Washington — Washington will host hundreds of high-level Chinese officials meeting with their U.S. counterparts July 27 and July 28, marking the beginning of a new strategy for closer ties between the United States and China.

The first U.S.-China Strategic and Economic Dialogue will set the stage for ongoing cooperation on a range of bilateral, regional and global issues. The dialogue is expected to focus on the economy, climate change and regional security, according to five senior administration officials at a press briefing July 23, who spoke on condition of anonymity.

President Obama will attend the opening session of the dialogue, and later will meet with Chinese officials. The dialogue will be co-chaired by U.S. Secretary of State Hillary Rodham Clinton, U.S. Secretary of the Treasury Timothy Geithner, Chinese State Councilor Dai Bingguo and Chinese Vice Premier Wang Qishan.

More than 150 Chinese officials will attend the dialogue, one of the largest official delegations ever to visit the United States, a senior administration official said. This signals that the U.S. and Chinese governments realize their economic destiny is linked, and that building a strong relationship is important to economic recovery, he said.

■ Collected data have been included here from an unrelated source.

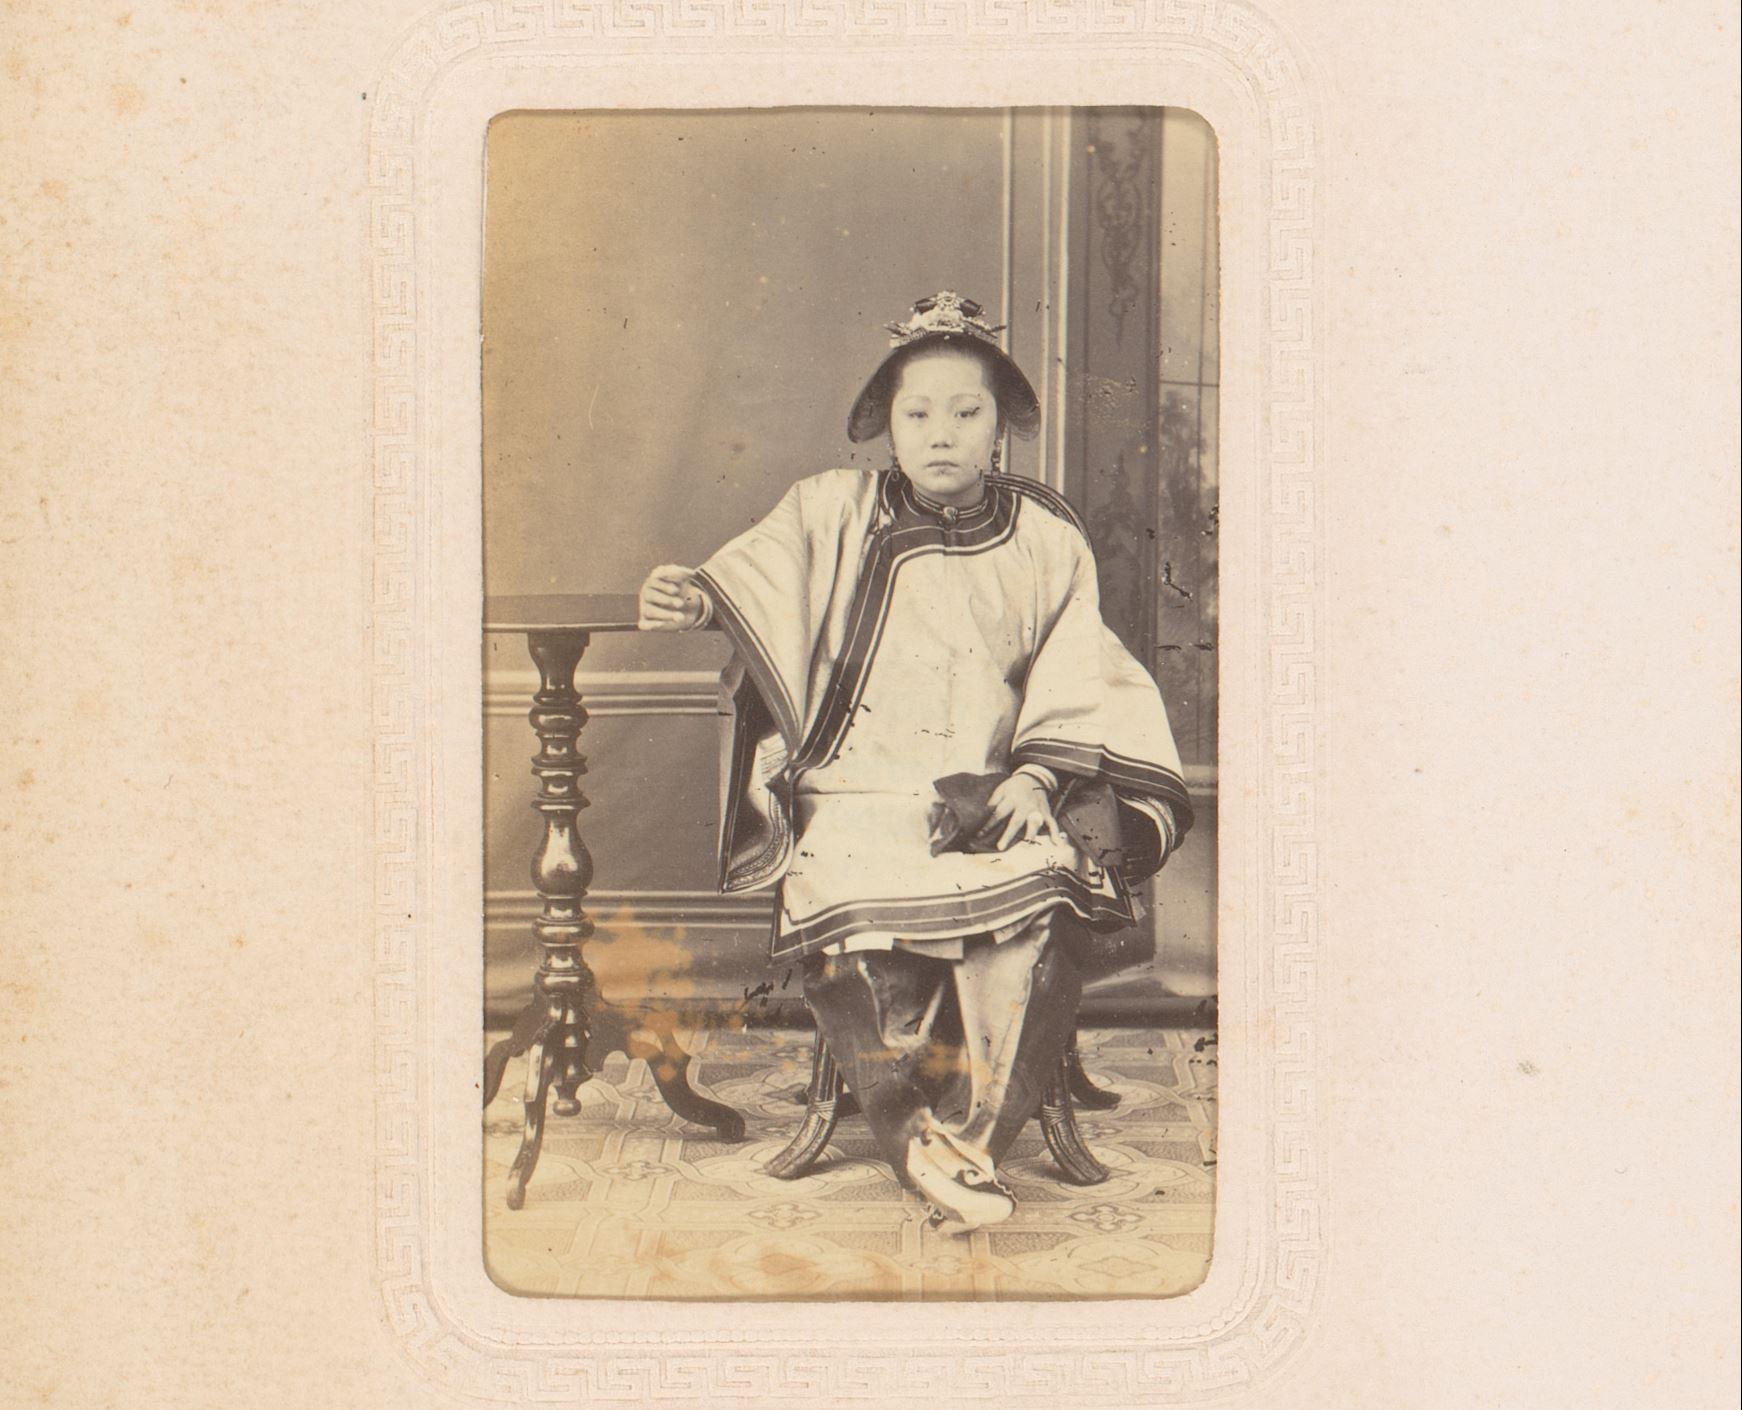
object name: album leaf
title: Portret van een Chinese vrouw uit Macao
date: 1867-1880
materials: cardboard, photographic support
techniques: albumen print
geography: singapore
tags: sitting figure - aa - female human figure, historical persons - bb - woman
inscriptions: number: ‘7’, annotation: ‘1 Lsin. Mädschen von Macao’
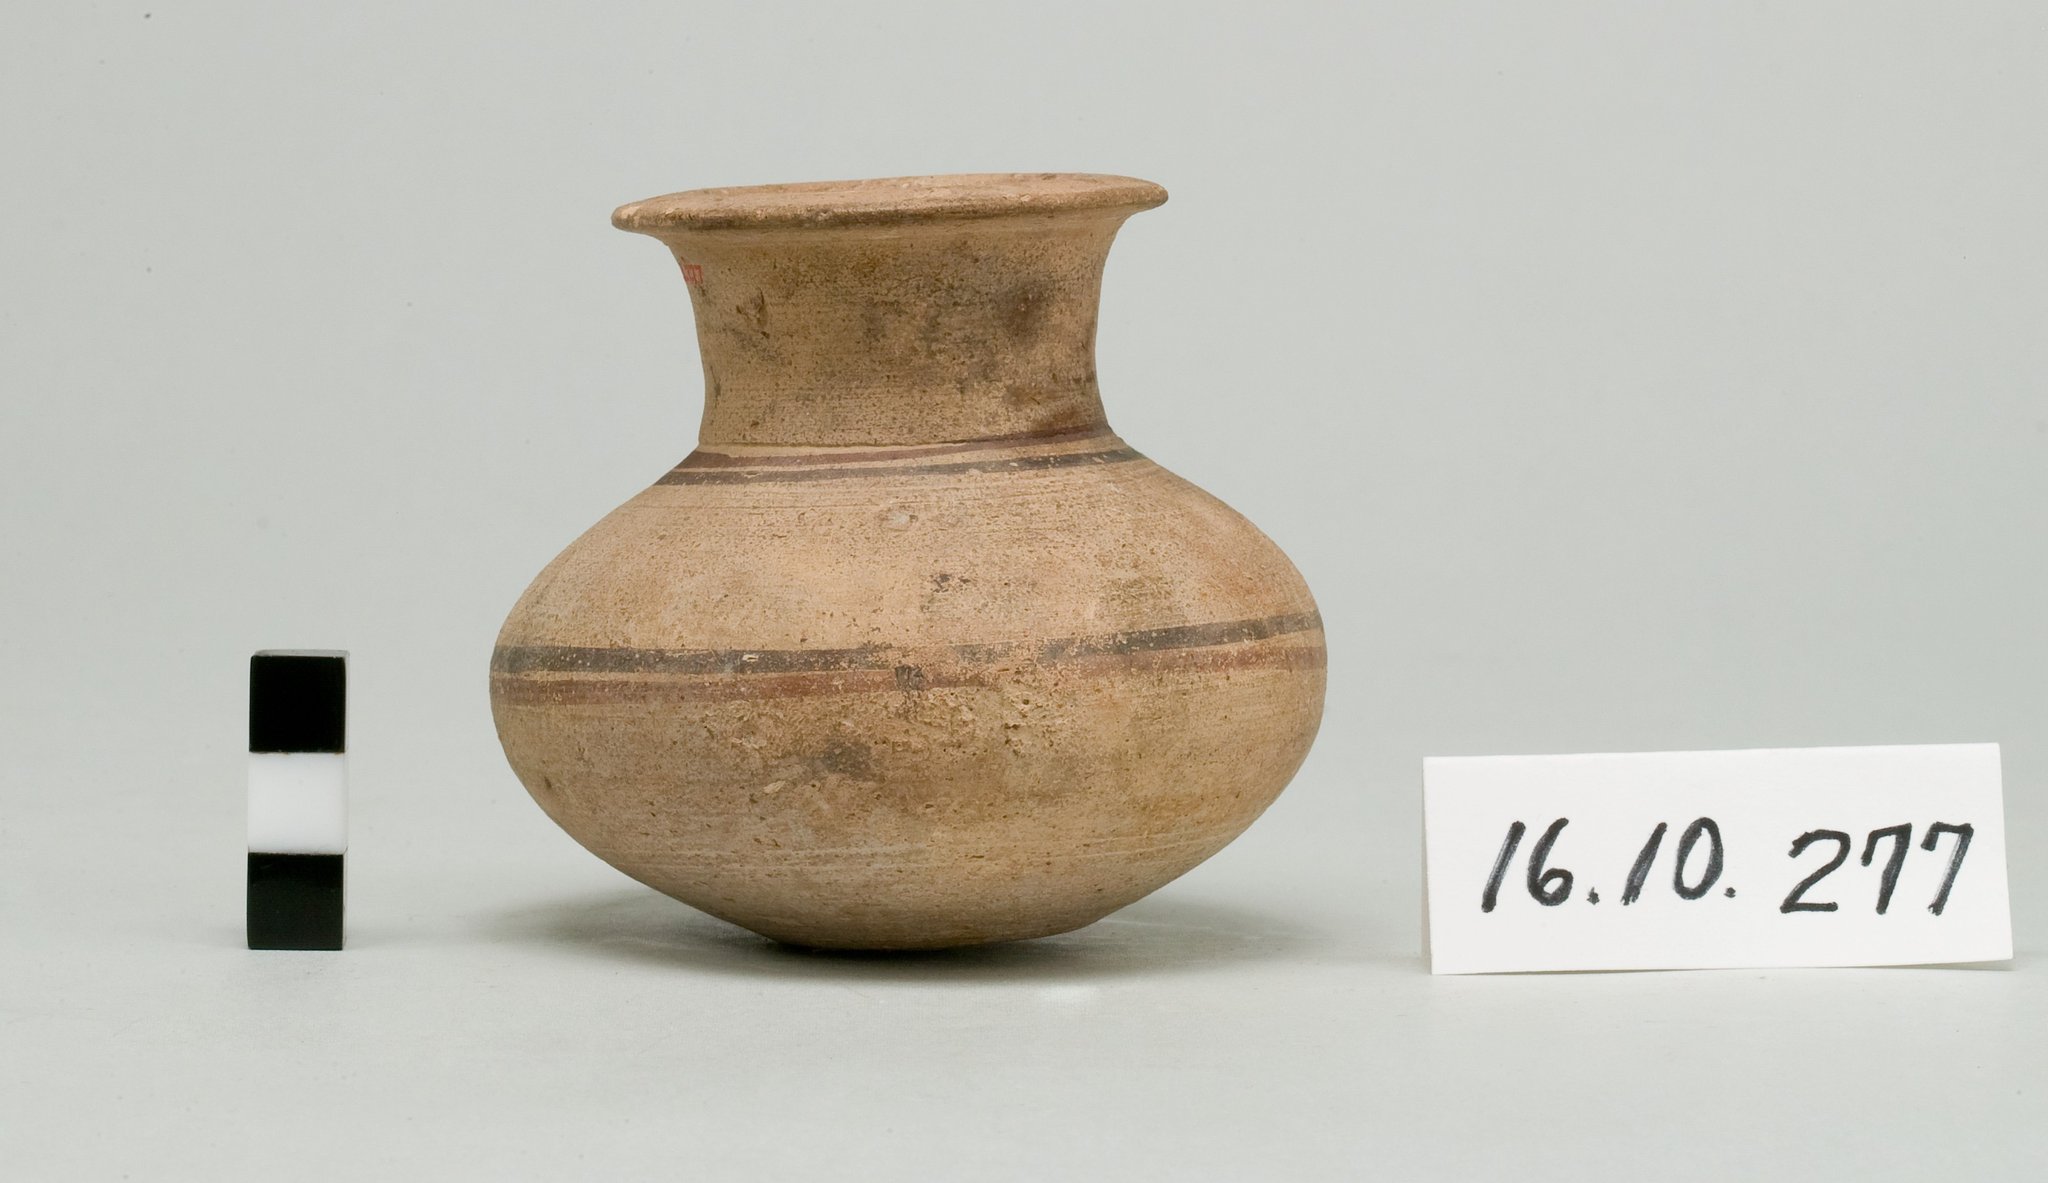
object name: jar
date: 1550-1458 BCE
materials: pottery
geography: egypt

As a sign of the United States’ and China’s commitment to shared strategic and economic goals, the dialogue will be held annually, alternating between Washington and Beijing.

“It is essential that the United States and China have a positive, cooperative relationship,” Clinton said when she visited China in February.


The United States and China previously participated in the U.S.-China Strategic Economic Dialogue, created by President George W. Bush and President Hu Jintao in 2006. The Strategic Economic Dialogue was a forum for U.S. and Chinese officials to discuss economic challenges and opportunities. The dialogue was led by the U.S. secretary of the treasury and Chinese vice premier. It was held twice yearly in alternate capitals.

President Obama and President Hu established the new U.S.-China Strategic and Economic Dialogue in April. It features higher-level officials than the previous dialogue, the senior administration officials said. It will also include a broader discussion on a range of political, strategic and economic issues, rather than focusing solely on economic and financial relations.

In their meeting at the Group of 20 summit in London in April, Obama and Hu promised to build a positive, cooperative and comprehensive U.S.-China relationship in the 21st century. They agreed to deepen cooperation on many issues, including economics and trade, counterterrorism, law enforcement, science and technology, education, culture and health.

“Good relations with the U.S. is not only in the interests of the two peoples, but also beneficial to peace, stability and prosperity of the Asia-Pacific region and the world at large,” Hu said.


Economic recovery will play a central role in the dialogue. Cooperation is important because the success of U.S. policies will depend in part on China, and the success of Chinese policies will depend in part on the United States, Geithner said when he visited China in May.

“China and the United States individually and together are so important in the global economy and financial system that what we do has a direct impact on the stability and strength of the international economic system,” he said.

Economic data trends show American families spending less and saving more, so China cannot expect to recover by increasing exports, another senior administration official said. U.S. officials will encourage China to balance their level of imports and exports and to be open to foreign investment.

Climate change and clean energy will also be a principal focus of the dialogue. The United States and China are the greatest greenhouse gas emitters in the world, so climate change cannot be reversed unless the United States and China reduce emissions, one of the senior administration officials said. U.S. and Chinese officials will discuss ways to work together to invest in clean energy and promote environmentally sustainable growth.

U.S. and Chinese officials will also discuss regional security threats, including terrorism and nuclear proliferation.

The Strategic and Economic Dialogue is the beginning of a conversation, and the two countries will see the results of the dialogue over the next few years, one of the senior administration officials said.